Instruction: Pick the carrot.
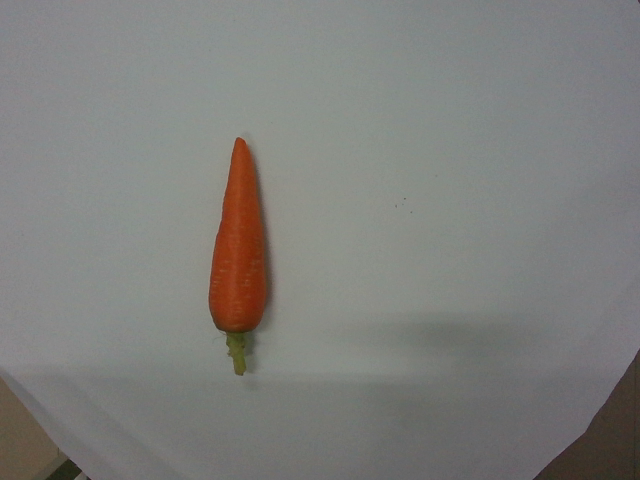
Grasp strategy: vertical
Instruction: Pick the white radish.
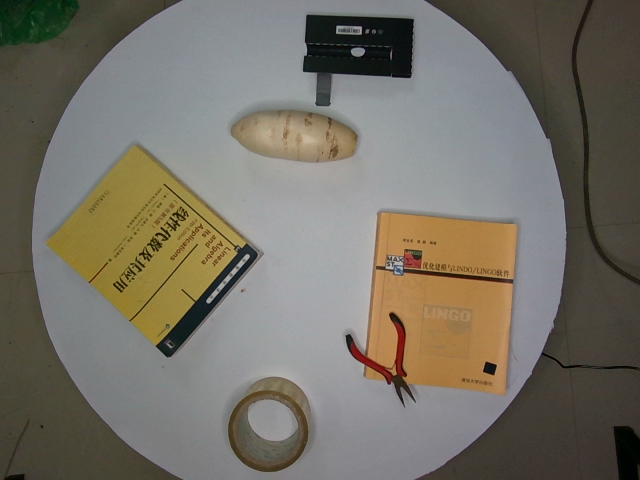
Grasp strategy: vertical
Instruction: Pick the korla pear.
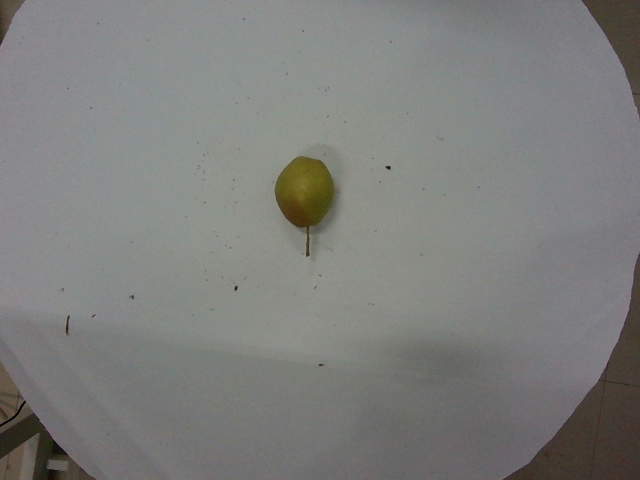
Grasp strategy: vertical

··········

EXERCISE OBJECTIVE – Word-for-word output of the material above is needed, with the pictures left out.

EXERCISE RESULT –
Instruction: Pick the carrot.
Grasp strategy: vertical
Instruction: Pick the white radish.
Grasp strategy: vertical
Instruction: Pick the korla pear.
Grasp strategy: vertical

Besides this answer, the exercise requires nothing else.